Criticism of this collection has involved attempts to discuss the collection as a whole, in relation to other work by Wallace, and as individual stories. In general, Marshall Boswell claimed that this was Wallace’s “bleakest” work of fiction. In Oblivion, he “uncharacteristically” provides “no way out” of solipsism and loneliness. Boswell further suggested that the collection “repeatedly undermines many of the techniques for alleviation” from loneliness, like communicating through language, that Wallace presented in Infinite Jest. "Oblivion," he writes, “remains unique in Wallace’s oeuvre in its unrelenting pessimism." Additionally, D.T. Max wrote that the stories in the Oblivion "seem afraid of compression, as if the title were a threat that could only be defended against by the relentlessly engaged consciousness."

Many critics have linked Oblivion to other works by Wallace, both fiction and nonfiction. D.T. Max asserted that many of the stories are "successors" to Brief Interviews with Hideous Men in that they “concerned themselves mostly with middle-aged, middle-class white men in middle America." Others claim that Oblivion and The Pale King are companion texts. Max wrote that while this collection was “descriptive” of a lonely American society, The Pale King would be “prescriptive,” suggesting a “way out of the bind.” Marshall Boswell also claimed that The Pale King is the “compositional companion” to Oblivion. Both works concern themselves with similar themes like the management of “entropy” and “shit, art, death." But The Pale King can ultimately be seen as a “corrective, or at least dialectical partner, to Oblivion’s haunted insularity.” Additionally, Boswell linked Oblivion to This Is Water, in that it depicts adults “hypnotized by the constant monologues” inside their heads, as well as “Decideraization 2007,” an essay that appears in Both Flesh and Not, in its occupation with entropy and sorting data and a “surfeit of information.” Tom Tracey observed that “The Soul Is Not a Smithy” particularly both resembles The Pale King and recalls the philosophy of This Is Water in its discussion of attention and boredom.

Other critics have examined more individual stories more closely. Thomas Tracey asserts that, in “The Soul Is Not a Smithy” as well as many of the other stories in Oblivion, Wallace seeks to “place the crucial events of each tale beyond the frame of the main exposition.” Indeed, “the important actions of the narrative are seen to occur only on the extreme periphery of the narrator’s awareness.” Tracy suggests that the meaning and goal of this is to “call for greater attentiveness to our peripheral surroundings” and to show that “the most important events of our lives often take place on the margins of our quotidian experience.” Tracey also maintains that the narrator’s inattentiveness in class also depicts how “imaginiation can provide a psychological outlet, or refuge, from suffering.”

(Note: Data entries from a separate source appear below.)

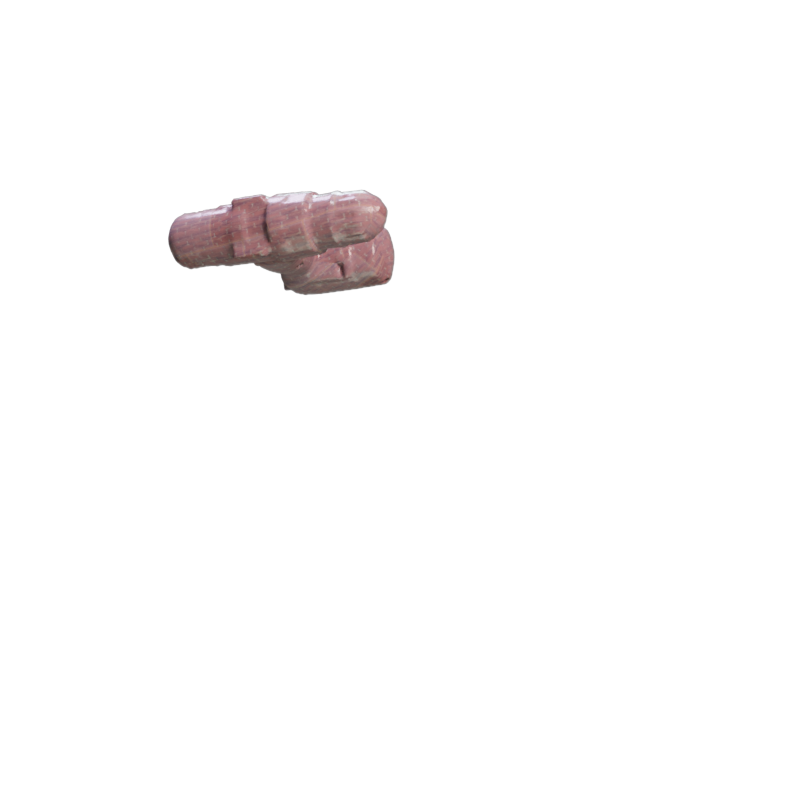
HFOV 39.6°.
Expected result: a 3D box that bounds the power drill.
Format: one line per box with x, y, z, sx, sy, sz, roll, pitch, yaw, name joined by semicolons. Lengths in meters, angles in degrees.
-0.072;-0.132;0.925;0.189;0.059;0.179;-2;-5;23;power drill
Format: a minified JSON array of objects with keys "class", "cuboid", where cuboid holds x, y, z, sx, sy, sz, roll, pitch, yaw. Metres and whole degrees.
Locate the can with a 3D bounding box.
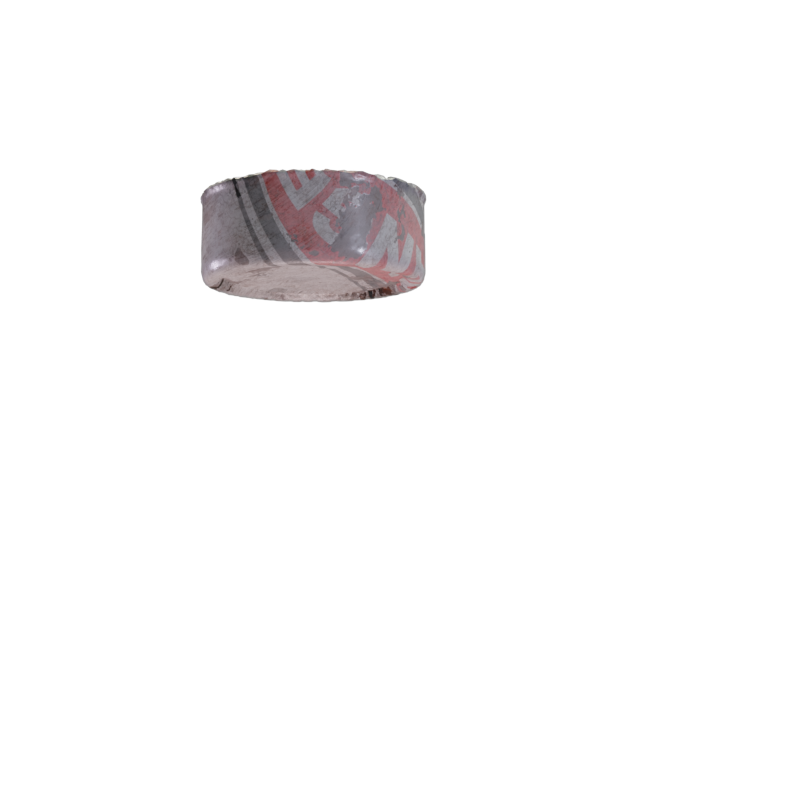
[{"class":"can","cuboid":[-0.033,-0.060,0.420,0.086,0.034,0.084,0,-6,-2]}]
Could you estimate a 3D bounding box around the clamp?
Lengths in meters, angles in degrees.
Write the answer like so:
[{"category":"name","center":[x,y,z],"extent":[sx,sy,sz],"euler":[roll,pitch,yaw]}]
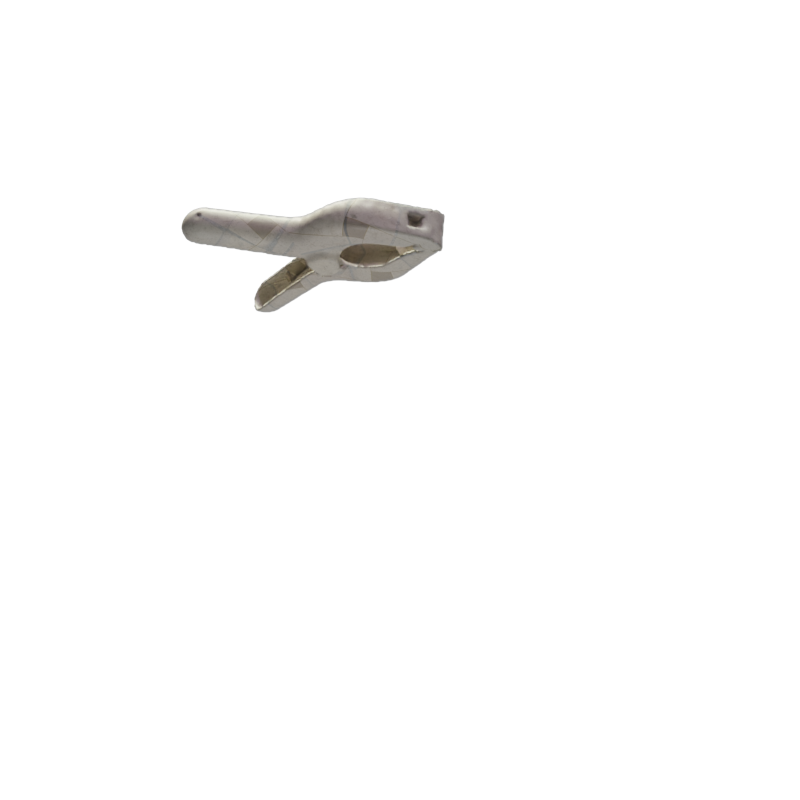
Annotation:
[{"category":"clamp","center":[-0.058,-0.106,0.746],"extent":[0.174,0.041,0.112],"euler":[-13,-25,29]}]
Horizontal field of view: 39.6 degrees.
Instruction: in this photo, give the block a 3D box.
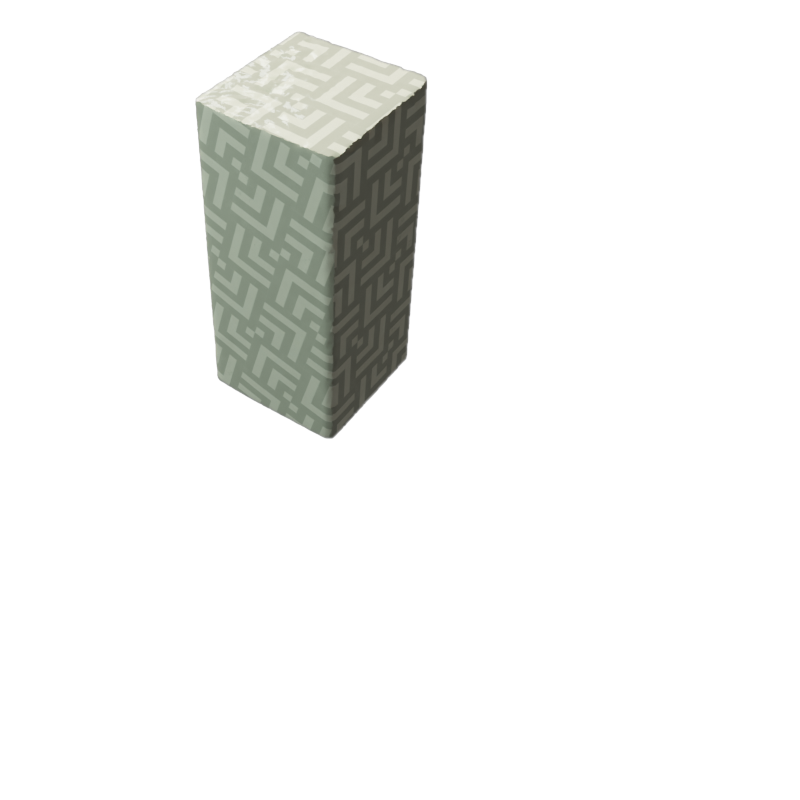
[{"bbox_3d":[-0.049,-0.090,0.634,0.095,0.192,0.092,27,48,23],"label":"block"}]
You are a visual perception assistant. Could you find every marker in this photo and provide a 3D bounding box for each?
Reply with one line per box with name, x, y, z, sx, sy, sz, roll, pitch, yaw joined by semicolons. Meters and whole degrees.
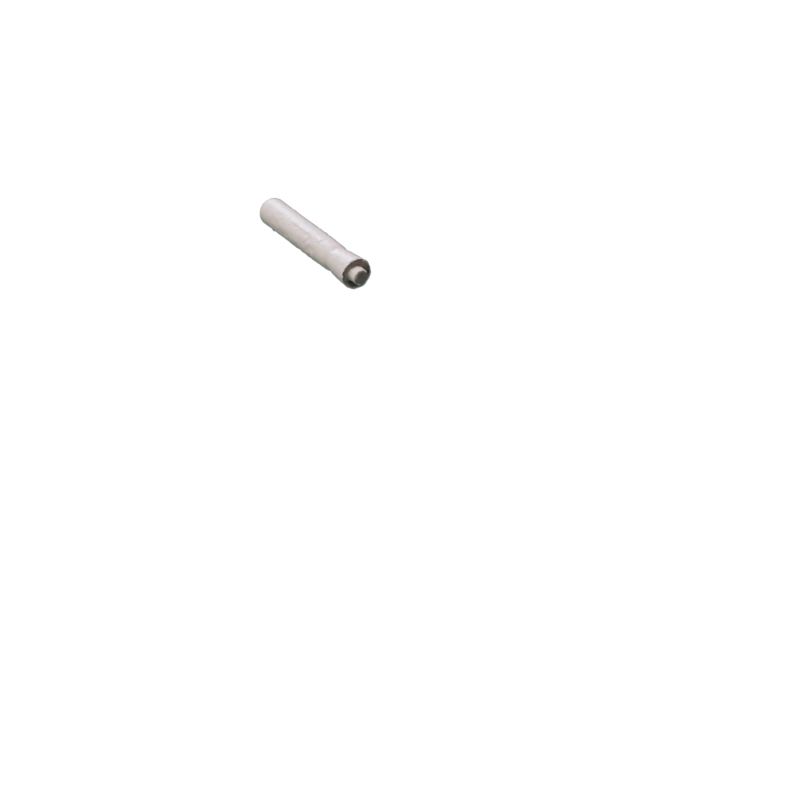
marker;-0.052;-0.095;0.668;0.019;0.019;0.130;-2;26;-30
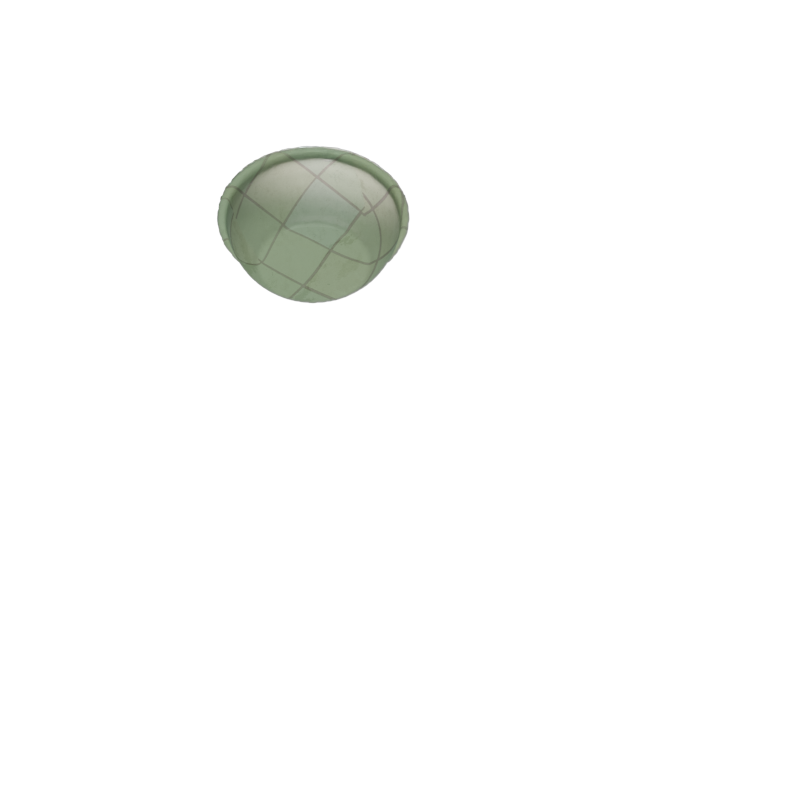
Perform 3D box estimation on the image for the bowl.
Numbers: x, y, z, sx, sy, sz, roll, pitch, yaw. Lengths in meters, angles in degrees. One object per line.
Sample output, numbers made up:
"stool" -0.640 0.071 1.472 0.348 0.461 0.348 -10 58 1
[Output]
"bowl" -0.072 -0.131 0.915 0.162 0.059 0.151 1 -42 -1
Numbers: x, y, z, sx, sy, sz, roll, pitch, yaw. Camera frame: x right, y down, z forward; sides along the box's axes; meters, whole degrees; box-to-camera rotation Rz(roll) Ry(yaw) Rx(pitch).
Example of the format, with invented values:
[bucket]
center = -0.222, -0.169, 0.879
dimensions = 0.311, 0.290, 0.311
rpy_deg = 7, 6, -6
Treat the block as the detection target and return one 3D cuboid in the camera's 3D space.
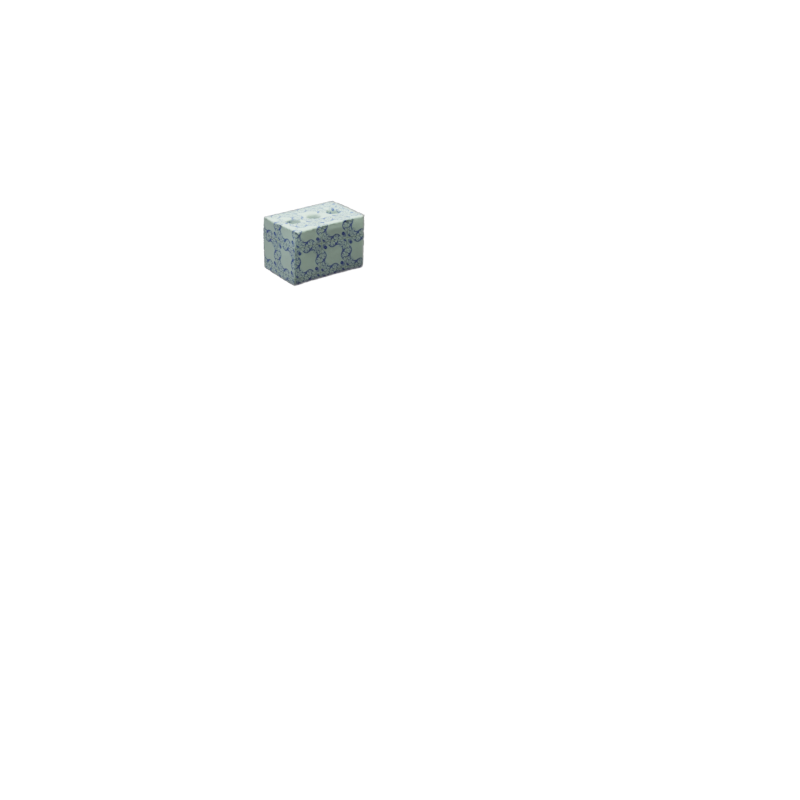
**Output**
[block]
center = -0.078, -0.143, 1.000
dimensions = 0.077, 0.049, 0.056
rpy_deg = -19, 32, -34
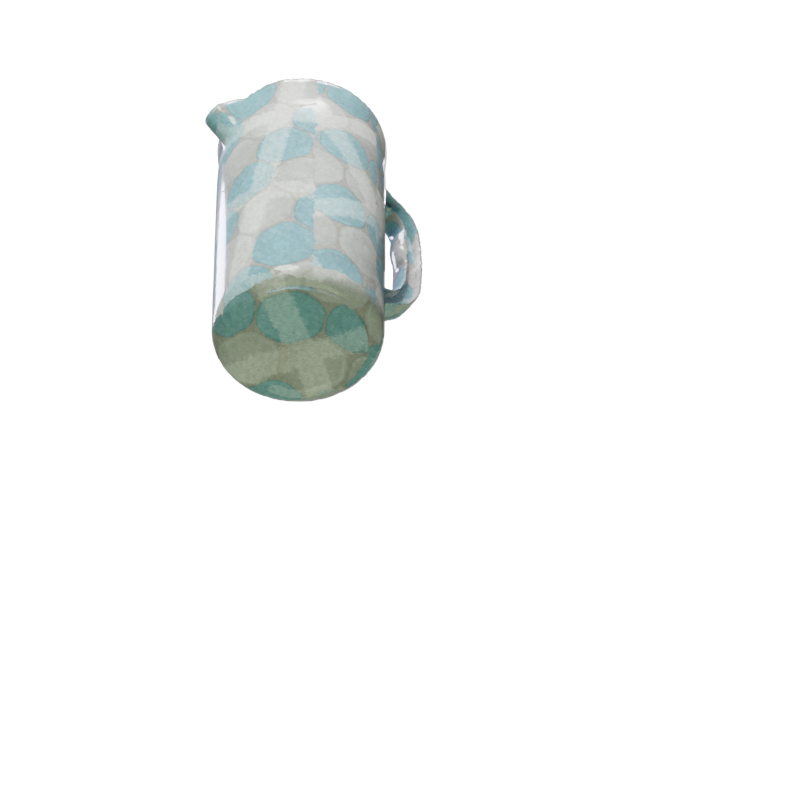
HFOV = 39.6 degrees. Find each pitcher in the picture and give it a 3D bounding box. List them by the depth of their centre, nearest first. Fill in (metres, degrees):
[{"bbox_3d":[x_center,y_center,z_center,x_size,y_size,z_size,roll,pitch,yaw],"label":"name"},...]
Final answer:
[{"bbox_3d":[-0.061,-0.112,0.783,0.150,0.134,0.260,-8,39,3],"label":"pitcher"}]
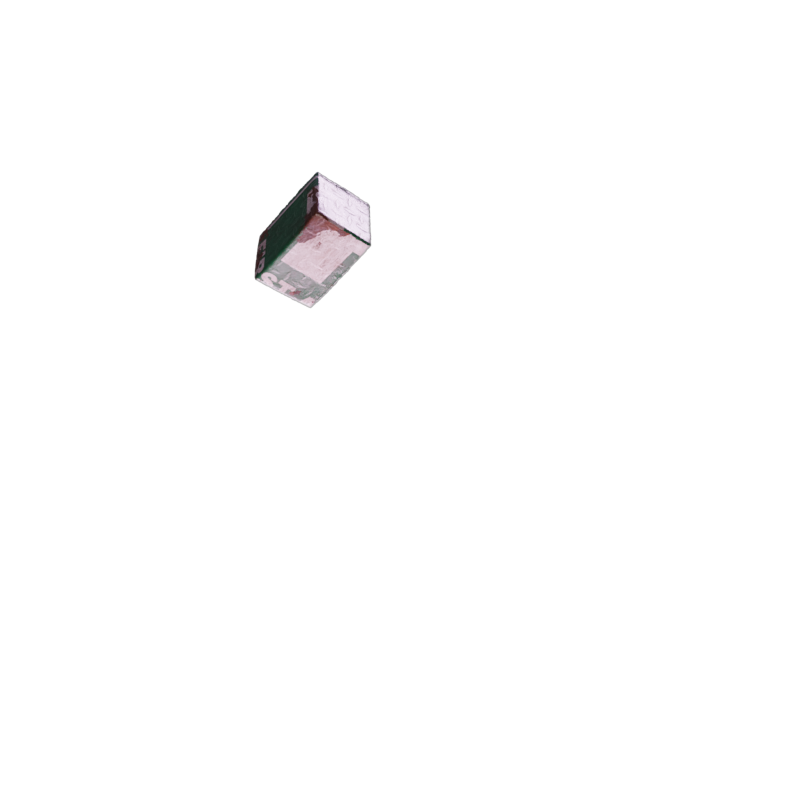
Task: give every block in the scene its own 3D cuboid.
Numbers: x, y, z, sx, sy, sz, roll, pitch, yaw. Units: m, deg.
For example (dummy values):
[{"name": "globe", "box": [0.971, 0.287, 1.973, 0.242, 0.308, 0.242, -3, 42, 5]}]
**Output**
[{"name": "block", "box": [-0.065, -0.118, 0.824, 0.050, 0.055, 0.076, 31, -56, -26]}]
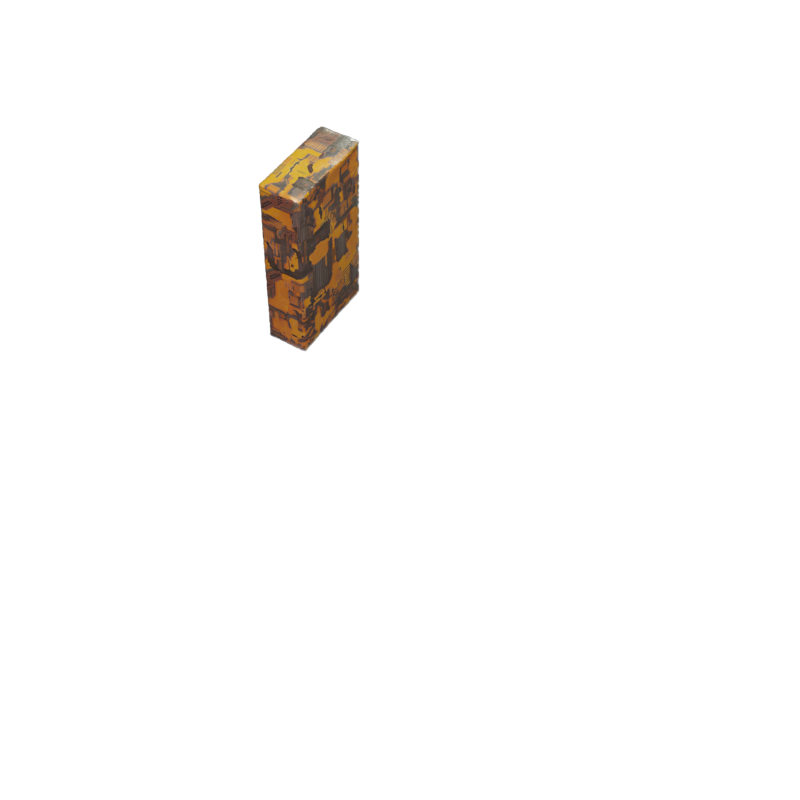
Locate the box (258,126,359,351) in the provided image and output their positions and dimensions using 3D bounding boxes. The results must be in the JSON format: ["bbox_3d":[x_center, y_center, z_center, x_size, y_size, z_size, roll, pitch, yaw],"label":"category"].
[{"bbox_3d":[-0.074,-0.135,0.944,0.050,0.164,0.096,26,53,17],"label":"box"}]
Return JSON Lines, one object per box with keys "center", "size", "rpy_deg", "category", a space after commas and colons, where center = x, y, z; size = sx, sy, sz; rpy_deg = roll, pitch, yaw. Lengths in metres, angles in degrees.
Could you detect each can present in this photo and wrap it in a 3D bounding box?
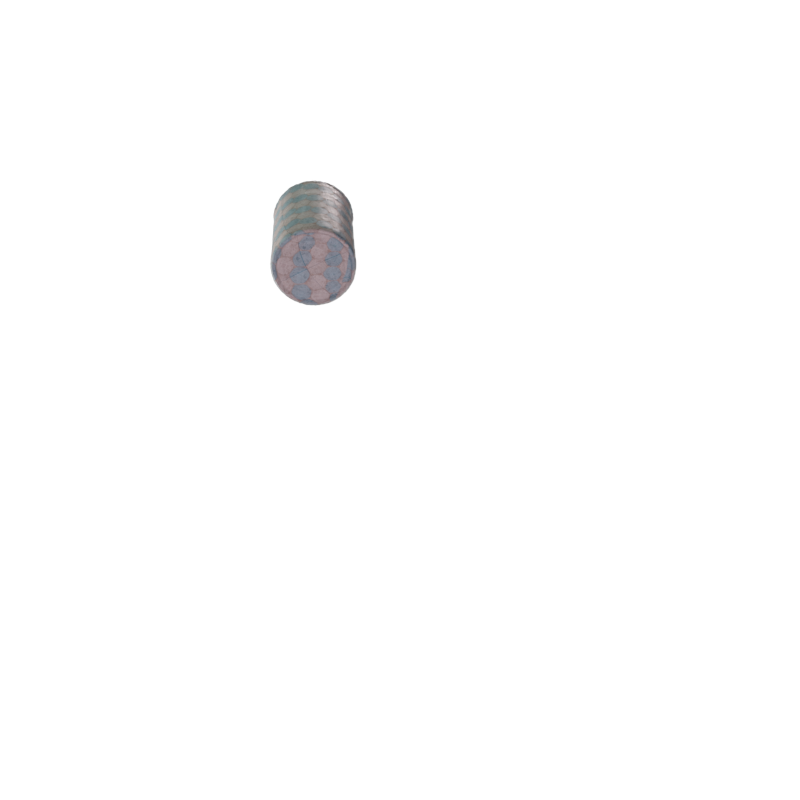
{"center": [-0.070, -0.128, 0.899], "size": [0.068, 0.065, 0.108], "rpy_deg": [0, 29, -3], "category": "can"}
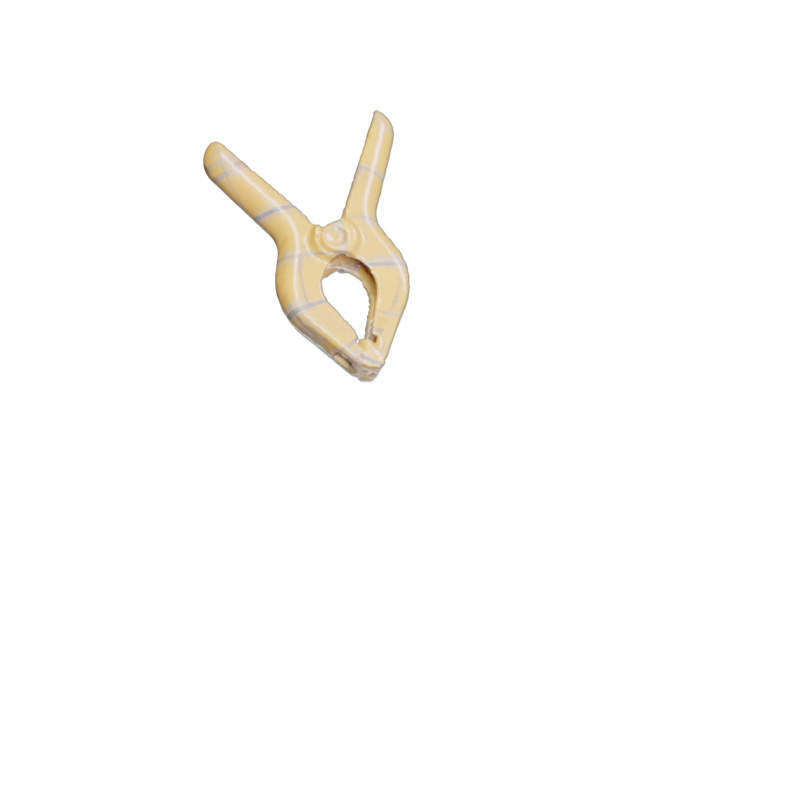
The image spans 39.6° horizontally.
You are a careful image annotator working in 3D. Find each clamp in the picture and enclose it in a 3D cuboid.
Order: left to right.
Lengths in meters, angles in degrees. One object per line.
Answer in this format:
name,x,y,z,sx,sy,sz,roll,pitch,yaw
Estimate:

In the same essay, Tracey further develops his thoughts on the title story, “Oblivion,” which raises questions about what reality is, and what is real. The story, Tracy asserts, gives an ambiguous answer, which suggests that what is real and true comes from our own decisions about what to believe. He also argued that the story is an "imaginative response" to Decartes’s Meditations on First Philosophy.

Walter Kirn, in a review for The New York Times, claims that "Good Old Neon" focuses on “a philosophical conundrum: the question of whether human beings can be said to possess authentic selves or whether, like 'David Wallace,' the story's narrator, we are really just a bunch of shabby fakes cut off from our own and others' essential beings by the inadequacy of language.”